Qamaruddin considered himself lucky that he was at least assured of a monthly salary from the municipality. He had a wife, five children and old parents to look after. But they made do even on short commons ~ eating roasted gram for breakfast, left-over dinner curry for lunch and the main meal in the evening.
The whole day Qamaruddin would sit in a Takia (compound of a sayyid’s grave) and play pacchisi or Indian chequers. So engrossed was he in the game that he more often than not even forgot to have his lunch.
Some thought he did it deliberately so that his children could have an extra helping. Illiterate he was, but saw to it that the kids went to a madarasa school and, besides the Quran, learnt some Urdu, which was then the second language used in court.

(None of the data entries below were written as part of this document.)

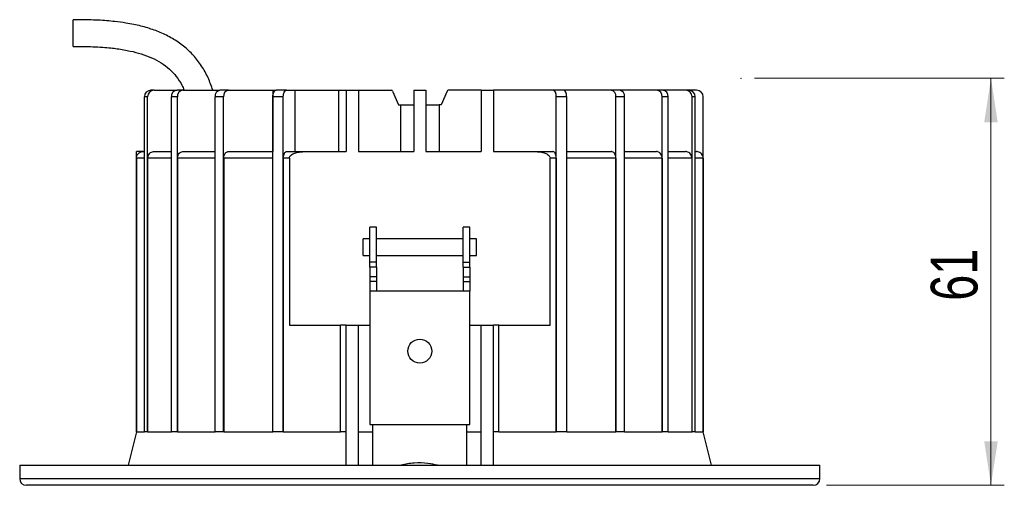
# Model space of a CAD drawing. Header units: millimetres. Extents: x 55 to 132, y 16 to 206.
# Tile 2 of 3: x 55 to 129, y 95 to 130. Entities that reach past the tile are written whole.
import ezdxf

# ---------------------------------------------------------------- set-up
doc = ezdxf.new("R2010")
doc.units = ezdxf.units.MM
doc.header["$PDSIZE"] = -1
doc.styles.add('SLDTEXTSTYLE0', font='TXT', dxfattribs={"width": 0.75})
doc.dimstyles.new('SLDDIMSTYLE0', dxfattribs={"dimtxt": 3.5, "dimasz": 3.302, "dimexe": 0, "dimexo": 0.0625, "dimgap": 0.875, "dimtad": 1, "dimlfac": 2, "dimrnd": 1e-09, "dimzin": 12, "dimdsep": 46, "dimtxsty": 'SLDTEXTSTYLE0', "dimsah": 1, "dimcen": 0.09, "dimadec": 0, "dimazin": 3, "dimtfac": 1, "dimtofl": 0, "dimtmove": 0, "dimatfit": 3, "dimfxl": 0, "dimfrac": 2, "dimtolj": 1, "dimtzin": 12, "dimarcsym": 0})

# ---------------------------------------------------------------- blocks, each defined once
blk = doc.blocks.new('_D')
at = {"color": 7, "linetype": 'Continuous', "lineweight": 18}
for p, q in [((110.378, 125.206), (129.116, 125.206)), ((128.116, 125.206), (128.116, 94.706)), ((115.791, 94.706), (129.116, 94.706))]:
    blk.add_line(p, q, dxfattribs=at)
for points in [[(128.116, 125.206), (127.608, 121.904), (128.624, 121.904)], [(128.116, 94.706), (128.624, 98.008), (127.608, 98.008)]]:
    blk.add_solid(points, dxfattribs=at)
at = {"color": 7, "linetype": 'Continuous', "lineweight": 18, "insert": (123.605, 108.53), "char_height": 3.5, "attachment_point": 1, "rotation": 90, "style": 'SLDTEXTSTYLE0'}
blk.add_mtext('61', dxfattribs=at)

msp = doc.modelspace()

# ---------------------------------------------------------------- linework, layer by layer
at = {"color": 7, "linetype": 'Continuous', "lineweight": 25}
for p, q in [((59.3043, 127.5864), (59.3043, 129.5864)), ((65.3629, 124.3071), (65.1299, 124.3071)), ((65.3629, 124.3071), (67.0945, 124.3071)), ((67.5445, 124.3071), (67.0945, 124.3071)), ((67.5445, 124.3071), (70.2992, 124.3071)), ((70.9356, 124.3071), (70.2992, 124.3071)), ((70.9356, 124.3071), (74.259, 124.3071)), ((74.259, 124.3071), (74.259, 119.7062)), ((74.259, 124.3071), (74.5256, 124.3071)), ((75.305, 124.3071), (74.5256, 124.3071)), ((75.305, 124.3071), (75.9415, 124.3071)), ((75.9415, 119.7062), (75.9415, 124.3071)), ((75.9415, 124.3071), (79.209, 124.3071)), ((79.209, 119.7062), (79.209, 124.3071)), ((79.209, 124.3071), (79.7695, 124.3071)), ((79.7695, 124.3071), (79.7695, 119.7062)), ((79.7695, 124.3071), (80.7013, 124.3071)), ((80.7013, 124.3071), (80.7013, 119.7062)), ((80.7013, 124.3071), (83.1684, 124.3071)), ((83.2326, 124.241), (83.7007, 123.2062)), ((84.8413, 124.3071), (85.7413, 124.3071)), ((84.8413, 124.3071), (84.8413, 119.7062)), ((85.7413, 124.3071), (85.7413, 119.7062)), ((87.35, 124.241), (86.8819, 123.2062)), ((89.8813, 124.3071), (87.4142, 124.3071)), ((89.8813, 124.3071), (89.8813, 119.7062)), ((89.8813, 124.3071), (90.8131, 124.3071)), ((90.8131, 124.3071), (90.8131, 119.7062)), ((95.2776, 124.3071), (90.8131, 124.3071)), ((96.057, 124.3071), (95.2776, 124.3071)), ((99.647, 124.3071), (96.057, 124.3071)), ((100.2834, 124.3071), (99.647, 124.3071)), ((103.0381, 124.3071), (100.2834, 124.3071)), ((103.4881, 124.3071), (103.0381, 124.3071)), ((105.2197, 124.3071), (103.4881, 124.3071)), ((105.4527, 124.3071), (105.2197, 124.3071)), ((106.0433, 124.3071), (105.4527, 124.3071)), ((64.647, 98.7062), (64.647, 123.8071)), ((64.8799, 123.8071), (64.647, 123.8071)), ((64.8799, 98.7062), (64.8799, 123.8071)), ((67.1115, 123.8071), (66.6615, 123.8071)), ((66.6615, 98.7062), (66.6615, 123.8071)), ((67.1115, 98.7062), (67.1115, 123.8071)), ((70.5821, 123.8071), (69.9457, 123.8071)), ((69.9457, 98.7062), (69.9457, 123.8071)), ((70.5821, 98.7062), (70.5821, 123.8071)), ((74.2756, 98.7062), (74.2756, 123.8071)), ((75.055, 123.8071), (74.2756, 123.8071)), ((75.055, 98.7062), (75.055, 123.8071)), ((95.5276, 98.7062), (95.5276, 123.8071)), ((96.307, 123.8071), (95.5276, 123.8071)), ((96.307, 98.7062), (96.307, 123.8071)), ((100.0005, 98.7062), (100.0005, 123.8071)), ((100.6369, 123.8071), (100.0005, 123.8071)), ((100.6369, 98.7062), (100.6369, 123.8071)), ((103.4711, 98.7062), (103.4711, 123.8071)), ((103.9211, 123.8071), (103.4711, 123.8071)), ((103.9211, 98.7062), (103.9211, 123.8071)), ((105.7027, 98.7062), (105.7027, 123.8071)), ((105.9356, 123.8071), (105.7027, 123.8071)), ((105.9356, 98.7062), (105.9356, 123.8071)), ((106.5433, 98.7062), (106.5433, 123.8071)), ((83.7007, 123.2062), (83.8337, 123.2062)), ((83.8337, 123.2062), (83.8337, 119.7062)), ((83.8337, 123.2062), (84.8413, 123.2062)), ((85.7413, 123.2062), (86.7489, 123.2062)), ((86.7489, 123.2062), (86.7489, 119.7062)), ((86.8819, 123.2062), (86.7489, 123.2062)), ((64.0393, 98.7062), (64.0393, 119.7062)), ((64.5442, 119.7062), (64.0393, 119.7062)), ((64.5442, 119.7062), (64.647, 119.7062)), ((65.3676, 119.7062), (66.6615, 119.7062)), ((67.5488, 119.7062), (69.9457, 119.7062)), ((70.9391, 119.7062), (74.2756, 119.7062)), ((75.3074, 119.7062), (76.6534, 119.7062)), ((76.6534, 119.7062), (79.7695, 119.7062)), ((80.7013, 119.7062), (84.8413, 119.7062)), ((85.7413, 119.7062), (89.8813, 119.7062)), ((90.8131, 119.7062), (93.9292, 119.7062)), ((93.9292, 119.7062), (95.2752, 119.7062)), ((96.307, 119.7062), (99.6435, 119.7062)), ((100.6369, 119.7062), (103.0338, 119.7062)), ((103.9211, 119.7062), (105.215, 119.7062)), ((105.9356, 119.7062), (106.0384, 119.7062)), ((64.6516, 119.2062), (64.044, 119.2062)), ((64.044, 119.2062), (64.044, 98.7062)), ((66.6656, 119.2062), (64.8845, 119.2062)), ((64.8845, 119.2062), (64.8845, 98.7062)), ((69.949, 119.2062), (67.1156, 119.2062)), ((67.1156, 119.2062), (67.1156, 98.7062)), ((74.278, 119.2062), (70.5854, 119.2062)), ((70.5854, 119.2062), (70.5854, 98.7062)), ((75.0574, 119.2062), (75.0574, 98.7062)), ((75.513, 119.2062), (75.0574, 119.2062)), ((75.513, 119.2062), (75.513, 106.7062)), ((95.5252, 119.2062), (95.0696, 119.2062)), ((95.0696, 106.7062), (95.0696, 119.2062)), ((95.5252, 119.2062), (95.5252, 98.7062)), ((99.9972, 119.2062), (96.3046, 119.2062)), ((99.9972, 119.2062), (99.9972, 98.7062)), ((103.467, 119.2062), (100.6336, 119.2062)), ((103.467, 119.2062), (103.467, 98.7062)), ((105.6981, 119.2062), (103.917, 119.2062)), ((105.6981, 119.2062), (105.6981, 98.7062)), ((106.5386, 119.2062), (105.931, 119.2062)), ((106.5386, 119.2062), (106.5386, 98.7062)), ((82.0413, 114.0363), (81.5413, 114.0363)), ((81.5413, 111.4284), (81.5413, 114.0363)), ((82.0413, 111.4284), (82.0413, 114.0363)), ((89.0413, 114.0363), (88.5413, 114.0363)), ((88.5413, 111.4284), (88.5413, 114.0363)), ((89.0413, 111.4284), (89.0413, 114.0363)), ((81.5413, 113.1644), (81.0413, 113.1644)), ((81.0413, 112.5412), (81.0413, 113.1644)), ((88.5413, 113.1644), (82.0413, 113.1644)), ((89.5413, 113.1644), (89.0413, 113.1644)), ((89.5413, 112.5412), (89.5413, 113.1644)), ((81.0413, 111.9179), (81.0413, 112.5412)), ((89.5413, 111.9179), (89.5413, 112.5412)), ((81.0413, 111.9179), (81.5413, 111.9179)), ((82.0413, 111.9179), (88.5413, 111.9179)), ((89.0413, 111.9179), (89.5413, 111.9179)), ((82.0413, 111.4284), (81.5413, 111.4284)), ((81.5413, 111.0563), (81.5413, 111.4284)), ((82.0413, 111.0563), (81.5413, 111.0563)), ((81.5413, 111.0563), (81.5413, 110.3205)), ((82.0413, 111.0563), (82.0413, 111.4284)), ((82.0413, 111.0563), (82.0413, 110.3205)), ((88.5413, 111.4284), (89.0413, 111.4284)), ((88.5413, 111.0563), (88.5413, 111.4284)), ((88.5413, 111.0563), (89.0413, 111.0563)), ((88.5413, 111.0563), (88.5413, 110.3205)), ((89.0413, 111.0563), (89.0413, 111.4284)), ((89.0413, 111.0563), (89.0413, 110.3205)), ((82.0413, 110.3205), (81.5413, 110.3205)), ((81.5413, 110.3205), (81.5413, 109.9827)), ((82.0413, 110.3205), (82.0413, 109.9827)), ((88.5413, 110.3205), (89.0413, 110.3205)), ((88.5413, 110.3205), (88.5413, 109.9827)), ((89.0413, 110.3205), (89.0413, 109.9827)), ((82.0413, 109.9827), (81.5413, 109.9827)), ((81.5413, 109.9827), (81.5413, 109.2501)), ((82.0413, 109.9827), (82.0413, 109.2501)), ((88.5413, 109.9827), (88.5413, 109.2501)), ((88.5413, 109.9827), (89.0413, 109.9827)), ((89.0413, 109.9827), (89.0413, 109.2501)), ((82.0413, 109.2501), (81.5413, 109.2501)), ((81.5413, 109.2501), (81.5413, 99.2501)), ((88.5413, 109.2501), (82.0413, 109.2501)), ((89.0413, 109.2501), (88.5413, 109.2501)), ((89.0413, 99.2501), (89.0413, 109.2501)), ((75.513, 106.7062), (79.3574, 106.7062)), ((79.3562, 98.7062), (79.3562, 106.7062)), ((79.7695, 106.7062), (79.3562, 106.7062)), ((79.7695, 96.2062), (79.7695, 106.7062)), ((79.7695, 106.7062), (80.6973, 106.7062)), ((80.6973, 96.2062), (80.6973, 106.7062)), ((80.6973, 106.7062), (81.5413, 106.7062)), ((89.0413, 106.7062), (89.8853, 106.7062)), ((89.8853, 96.2062), (89.8853, 106.7062)), ((89.8853, 106.7062), (90.8131, 106.7062)), ((90.8131, 96.2062), (90.8131, 106.7062)), ((91.2264, 106.7062), (90.8131, 106.7062)), ((91.2252, 106.7062), (95.0696, 106.7062)), ((91.2264, 98.7062), (91.2264, 106.7062)), ((81.5413, 99.2501), (89.0413, 99.2501)), ((81.7729, 96.2062), (81.7729, 99.2501)), ((88.8097, 96.2062), (88.8097, 99.2501)), ((64.0393, 98.7062), (63.416, 96.2062)), ((64.044, 98.7062), (64.0393, 98.7062)), ((64.044, 98.7062), (64.6516, 98.7062)), ((64.7634, 98.7062), (64.647, 98.7062)), ((64.8799, 98.7062), (64.7634, 98.7062)), ((64.8845, 98.7062), (64.8799, 98.7062)), ((64.8845, 98.7062), (66.6656, 98.7062)), ((66.8865, 98.7062), (66.6615, 98.7062)), ((67.1115, 98.7062), (66.8865, 98.7062)), ((67.1156, 98.7062), (67.1115, 98.7062)), ((67.1156, 98.7062), (69.949, 98.7062)), ((70.2639, 98.7062), (69.9457, 98.7062)), ((70.5821, 98.7062), (70.2639, 98.7062)), ((70.5854, 98.7062), (70.5821, 98.7062)), ((70.5854, 98.7062), (74.278, 98.7062)), ((74.6653, 98.7062), (74.2756, 98.7062)), ((75.055, 98.7062), (74.6653, 98.7062)), ((75.0574, 98.7062), (75.055, 98.7062)), ((75.0574, 98.7062), (79.3574, 98.7062)), ((79.7695, 98.7062), (79.3562, 98.7062)), ((80.6973, 98.7062), (81.7729, 98.7062)), ((88.8097, 98.7062), (89.8853, 98.7062)), ((91.2264, 98.7062), (90.8131, 98.7062)), ((91.2252, 98.7062), (95.5252, 98.7062)), ((95.5252, 98.7062), (95.5276, 98.7062)), ((95.9173, 98.7062), (95.5276, 98.7062)), ((96.307, 98.7062), (95.9173, 98.7062)), ((96.3046, 98.7062), (99.9972, 98.7062)), ((99.9972, 98.7062), (100.0005, 98.7062)), ((100.3187, 98.7062), (100.0005, 98.7062)), ((100.6369, 98.7062), (100.3187, 98.7062)), ((100.6336, 98.7062), (103.467, 98.7062)), ((103.467, 98.7062), (103.4711, 98.7062)), ((103.6961, 98.7062), (103.4711, 98.7062)), ((103.9211, 98.7062), (103.6961, 98.7062)), ((103.917, 98.7062), (105.6981, 98.7062)), ((105.6981, 98.7062), (105.7027, 98.7062)), ((105.8192, 98.7062), (105.7027, 98.7062)), ((105.9356, 98.7062), (105.8192, 98.7062)), ((105.931, 98.7062), (106.5386, 98.7062)), ((106.5386, 98.7062), (106.5433, 98.7062)), ((107.1666, 96.2062), (106.5433, 98.7062)), ((55.2913, 96.2062), (55.2913, 95.2062)), ((55.2913, 96.2062), (85.2913, 96.2062)), ((85.2913, 96.2062), (115.2913, 96.2062)), ((115.2913, 95.2062), (115.2913, 96.2062)), ((85.2913, 94.7062), (55.7913, 94.7062)), ((114.7913, 94.7062), (85.2913, 94.7062))]:
    msp.add_line(p, q, dxfattribs=at)
at = {"color": 1, "linetype": 'Continuous', "lineweight": 25}
for p, q in [((55.2913, 95.2062), (85.2913, 95.2062)), ((85.2913, 95.2062), (115.2913, 95.2062))]:
    msp.add_line(p, q, dxfattribs=at)
at = {"color": 7, "linetype": 'Continuous', "lineweight": 25, "flags": 128}
for points in [[(74.2756, 123.8071), (74.2804, 123.9046), (74.2946, 123.9984), (74.3177, 124.0848), (74.3488, 124.1606), (74.3867, 124.2228), (74.4299, 124.269), (74.4768, 124.2974), (74.5256, 124.3071)], [(75.055, 123.8071), (75.0598, 123.9046), (75.074, 123.9984), (75.0971, 124.0848), (75.1282, 124.1606), (75.1661, 124.2228), (75.2093, 124.269), (75.2562, 124.2974), (75.305, 124.3071)], [(95.5276, 123.8071), (95.5228, 123.9046), (95.5086, 123.9984), (95.4855, 124.0848), (95.4544, 124.1606), (95.4165, 124.2228), (95.3733, 124.269), (95.3264, 124.2974), (95.2776, 124.3071)], [(96.307, 123.8071), (96.3022, 123.9046), (96.288, 123.9984), (96.2649, 124.0848), (96.2338, 124.1606), (96.1959, 124.2228), (96.1527, 124.269), (96.1058, 124.2974), (96.057, 124.3071)]]:
    msp.add_lwpolyline(points, dxfattribs=at)
at = {"color": 7, "linetype": 'Continuous', "lineweight": 25}
msp.add_circle((85.2913, 104.7589), 0.9004, dxfattribs=at)
for centre, radius, start, end in [((65.1386, 123.8154), 0.4917, 91.010185, 180.97576), ((65.3715, 123.8154), 0.4917, 91.010185, 180.97576), ((67.1306, 123.8383), 0.4701, 94.40195, 183.811261), ((67.5806, 123.8383), 0.4701, 94.40195, 183.811261), ((70.3876, 123.8696), 0.4463, 101.421754, 188.049467), ((71.024, 123.8696), 0.4463, 101.421754, 188.049467), ((83.1444, 124.2195), 0.0908, 13.739541, 74.717438), ((87.4382, 124.2195), 0.0908, 105.282562, 166.260459), ((99.5586, 123.8696), 0.4463, 351.950533, 78.578246), ((100.195, 123.8696), 0.4463, 351.950533, 78.578246), ((103.002, 123.8383), 0.4701, 356.188739, 85.59805), ((103.452, 123.8383), 0.4701, 356.188739, 85.59805), ((105.2111, 123.8154), 0.4917, 359.02424, 88.989815), ((105.444, 123.8154), 0.4917, 359.02424, 88.989815), ((106.0433, 123.8071), 0.5, 0, 90), ((55.7913, 95.2062), 0.5, 180, 270), ((114.7913, 95.2062), 0.5, 270, 0)]:
    msp.add_arc(centre, radius, start, end, dxfattribs=at)
for points, knots in [([(69.7709, 124.3071), (69.6606, 124.6197), (69.4383, 125.2502), (68.9474, 126.1302), (68.3318, 126.9324), (67.594, 127.6259), (66.7545, 128.1965), (65.8483, 128.6442), (65.0429, 128.9302), (64.3751, 129.1135), (63.8254, 129.2376), (63.1789, 129.3546), (62.5017, 129.4448), (61.8057, 129.5107), (61.1574, 129.5526), (60.4972, 129.5776), (59.8774, 129.5868), (59.4833, 129.5865), (59.3043, 129.5864)], [0, 0, 0, 0, 0.0782903, 0.157873, 0.237074, 0.316568, 0.3962121, 0.4762278, 0.5549371, 0.5979097, 0.6399471, 0.6881491, 0.7532214, 0.8014286, 0.8534491, 0.9068095, 0.9576532, 1, 1, 1, 1]), ([(59.3043, 127.5864), (59.5391, 127.5865), (60.033, 127.5866), (60.7697, 127.569), (61.4735, 127.5304), (62.0816, 127.477), (62.609, 127.4138), (63.0962, 127.3389), (63.6977, 127.2217), (64.4012, 127.04), (65.1815, 126.7511), (65.8963, 126.3747), (66.5275, 125.9059), (67.0506, 125.3397), (67.4157, 124.7985), (67.5703, 124.4354), (67.6249, 124.3071)], [0, 0, 0, 0, 0.0740966, 0.1557849, 0.2324607, 0.2964085, 0.3483397, 0.4000245, 0.4518712, 0.5416121, 0.6289408, 0.7137803, 0.7956769, 0.8756215, 0.95605, 1, 1, 1, 1]), ([(64.044, 119.2062), (64.046, 119.2398), (64.0501, 119.3086), (64.0893, 119.4281), (64.171, 119.5536), (64.3071, 119.6568), (64.4394, 119.7015), (64.5198, 119.7051), (64.5442, 119.7062)], [0, 0, 0, 0, 0.1288354, 0.2630005, 0.4775147, 0.6920276, 0.9065751, 1, 1, 1, 1]), ([(64.8845, 119.2062), (64.8898, 119.2623), (64.9005, 119.3747), (64.9837, 119.5245), (65.1062, 119.6376), (65.2421, 119.6976), (65.3319, 119.7037), (65.3676, 119.7062)], [0, 0, 0, 0, 0.21450657, 0.42913844, 0.64379175, 0.85849102, 1, 1, 1, 1]), ([(67.1156, 119.2062), (67.1204, 119.2623), (67.13, 119.3747), (67.2046, 119.5245), (67.3144, 119.6376), (67.4362, 119.6976), (67.5168, 119.7037), (67.5488, 119.7062)], [0, 0, 0, 0, 0.21450657, 0.42913844, 0.64379175, 0.85849102, 1, 1, 1, 1]), ([(70.5854, 119.2062), (70.5893, 119.2623), (70.5971, 119.3747), (70.6581, 119.5245), (70.7477, 119.6376), (70.8472, 119.6976), (70.9129, 119.7037), (70.9391, 119.7062)], [0, 0, 0, 0, 0.2145066, 0.4291384, 0.6437918, 0.858491, 1, 1, 1, 1]), ([(75.0574, 119.2062), (75.0601, 119.2623), (75.0657, 119.3747), (75.1087, 119.5245), (75.1722, 119.6376), (75.2425, 119.6976), (75.289, 119.7037), (75.3074, 119.7062)], [0, 0, 0, 0, 0.21450657, 0.42913844, 0.64379175, 0.85849102, 1, 1, 1, 1]), ([(75.513, 119.2062), (75.513, 119.2069), (75.5131, 119.2357), (75.5259, 119.2993), (75.5889, 119.4009), (75.7426, 119.5272), (75.9981, 119.6298), (76.3205, 119.6961), (76.5424, 119.7028), (76.6534, 119.7062)], [0, 0, 0, 0, 0.0017508, 0.0644112, 0.1420213, 0.2651024, 0.5032722, 0.7513696, 1, 1, 1, 1]), ([(93.9292, 119.7062), (94.0493, 119.7018), (94.3226, 119.6918), (94.6463, 119.6142), (94.879, 119.4949), (94.9887, 119.4052), (95.054, 119.3055), (95.0694, 119.2404), (95.0696, 119.2073), (95.0696, 119.2062)], [0, 0, 0, 0, 0.2696299, 0.6131507, 0.7335212, 0.854576, 0.9257338, 0.997542, 1, 1, 1, 1]), ([(95.5252, 119.2062), (95.5225, 119.2623), (95.5169, 119.3747), (95.4739, 119.5245), (95.4104, 119.6376), (95.3401, 119.6976), (95.2936, 119.7037), (95.2752, 119.7062)], [0, 0, 0, 0, 0.2145066, 0.4291384, 0.6437918, 0.858491, 1, 1, 1, 1]), ([(99.9972, 119.2062), (99.9933, 119.2623), (99.9855, 119.3747), (99.9246, 119.5245), (99.8349, 119.6376), (99.7354, 119.6976), (99.6697, 119.7037), (99.6435, 119.7062)], [0, 0, 0, 0, 0.21450657, 0.42913844, 0.64379175, 0.85849102, 1, 1, 1, 1]), ([(103.467, 119.2062), (103.4622, 119.2623), (103.4526, 119.3747), (103.378, 119.5245), (103.2682, 119.6376), (103.1464, 119.6976), (103.0658, 119.7037), (103.0338, 119.7062)], [0, 0, 0, 0, 0.2145066, 0.4291384, 0.6437918, 0.858491, 1, 1, 1, 1]), ([(105.6981, 119.2062), (105.6928, 119.2623), (105.6821, 119.3747), (105.5989, 119.5245), (105.4764, 119.6376), (105.3405, 119.6976), (105.2507, 119.7037), (105.215, 119.7062)], [0, 0, 0, 0, 0.2145066, 0.4291384, 0.6437918, 0.858491, 1, 1, 1, 1]), ([(106.5386, 119.2062), (106.5385, 119.2101), (106.5381, 119.2699), (106.5152, 119.3861), (106.4289, 119.5337), (106.2986, 119.6439), (106.1605, 119.6989), (106.0715, 119.7042), (106.0384, 119.7062)], [0, 0, 0, 0, 0.014934, 0.2295415, 0.4441503, 0.658789, 0.8734743, 1, 1, 1, 1]), ([(86.6167, 96.2062), (86.3797, 96.2624), (85.8084, 96.398), (84.8881, 96.3846), (84.2102, 96.3135), (83.8975, 96.2062), (83.8975, 96.2062)], [0, 0, 0, 0, 0.2651012, 0.6390195, 0.9999394, 1, 1, 1, 1])]:
    msp.add_open_spline(points, degree=3, knots=knots, dxfattribs=at)
at = {"color": 7, "linetype": 'Continuous', "lineweight": 0}
msp.add_point((109.3776, 125.2062), dxfattribs=at)

# ---------------------------------------------------------------- dimensions: what is measured, and where the dimension line sits
at = {"color": 7, "linetype": 'Continuous', "lineweight": 18}
dim = msp.add_linear_dim(base=(128.1162, 94.7062), p1=(109.3776, 125.2062), p2=(114.7913, 94.7062), angle=90, dimstyle='SLDDIMSTYLE0', dxfattribs=at)
dim.commit()
dim.dimension.update_dxf_attribs({"geometry": '_D', "text_midpoint": (128.1162, 111.1165), "dimtype": 160})

doc.saveas('drawing.dxf')

As children we would at times sit near Qamaruddin when he was not playing chequers. “You are the sahib’s progeny, staying in the big house beyond our mohalla, come to hear stories in your free time,” he would say with a chuckle. And then the tales began ~ of princes and princesses (Amrood-di-Badshahzada, Narangi-di-Badshahzadi and Sunheri Seb-ka-Shehzada). The afternoon was too short for the story to endand it was invariably carried over to the next “free day”.
But Qamaruddin’s best yarns were the ones based on his experiences as a lamplighter: The banshee who broke lamps at midnight; the madwoman who wailed when the lamp got blow off; and the pretty bride who made it a point to greet the first lit lamp of the evening.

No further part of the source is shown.